EMB: Air quality still erratic, wear masks
THE air quality in Metro Cebu improved yesterday, but the Environmental Management Bureau (EMB) is not yet lifting its advisory to wear protective masks.
William Cuñado, EMB-7 regional director for Central Visayas, said their monitoring showed that the amount of particulate matter (PM) 2.5 in the air still varies, sometimes exceeding the tolerable limit.
PM2.5 are air particles smaller than 2.5 micrometers, fine enough to enter the bloodstream and cause heart and respiratory ailments. EMB said forest fires in Indonesia were a major cause of the haze, or reduced visibility, observed in the Visayas and Mindanao recently.
Round-the-clock monitoring of air quality in the region continues. Daily media briefings will be held.
As of yesterday, the amount of PM2.5 in the air averaged only 39 micrograms per Normal cubic meter (µg/Nm³), which was just half of the tolerable limit of 75 µg/Nm³.
“Though the air quality has improved, continuous inhalation and exposure even to smaller concentrations of particles may result to its accumulation in the body causing health problems,” the EMB-7 advisory stated.
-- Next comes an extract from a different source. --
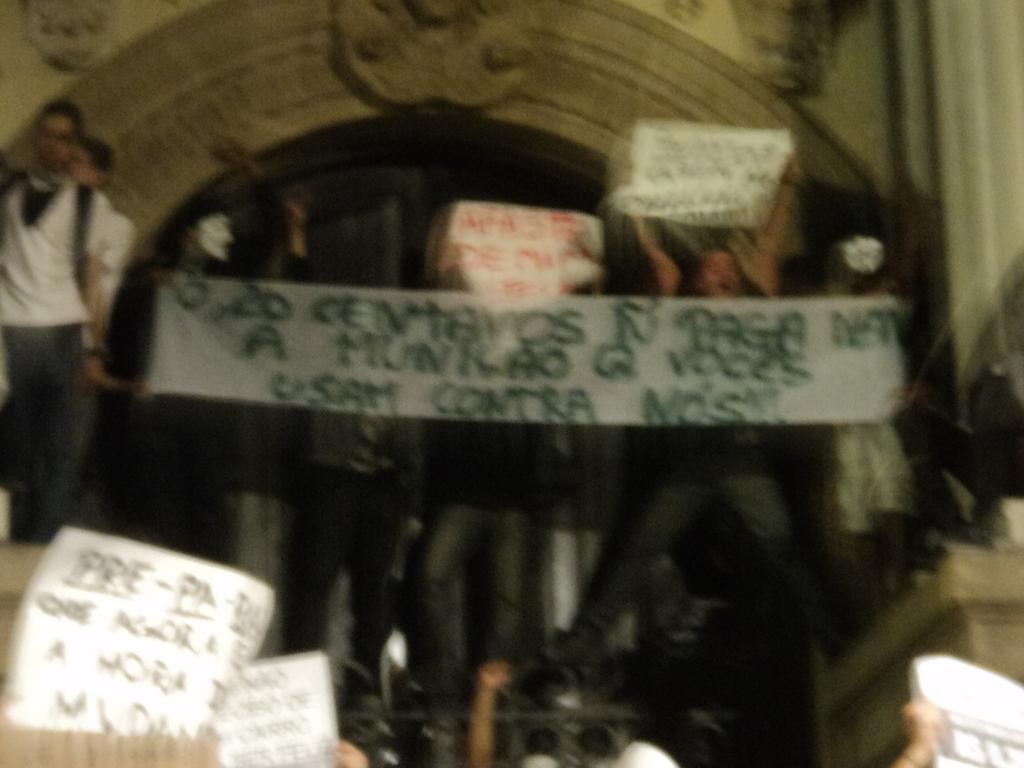How many people are in the image? There is a group of people in the image, but the exact number is not specified. What are some people doing in the image? Some people are holding banners in the image. What can be seen in the background of the image? There is a wall in the image, and carvings are present on the wall. What type of dress is the tiger wearing in the image? There is no tiger present in the image, and therefore no dress or any other clothing item can be attributed to it.

Those with heart or lung diseases, children and older adults should continue wearing N95 dust masks and goggles.
From Tuesday to Wednesday, Oct. 27 to 28, the air quality in Cebu City was “within the standard allowable limit”. (See table).
Cuñado also said his office received a text message about some residents of barangay Valencia in Carcar City, about 40 kilometers south of Cebu City, complaining of difficulty in breathing.
Cebu Provincial Health Office (PHO) chief Dr. Cynthia Genesolango said she will send personnel to check the report.
Dr. Grace Alcoseba, Carcar city health officer, said she was also verifying reports that three children and an adult were admitted to the district hospital for respiratory problems. Face masks can help, she said.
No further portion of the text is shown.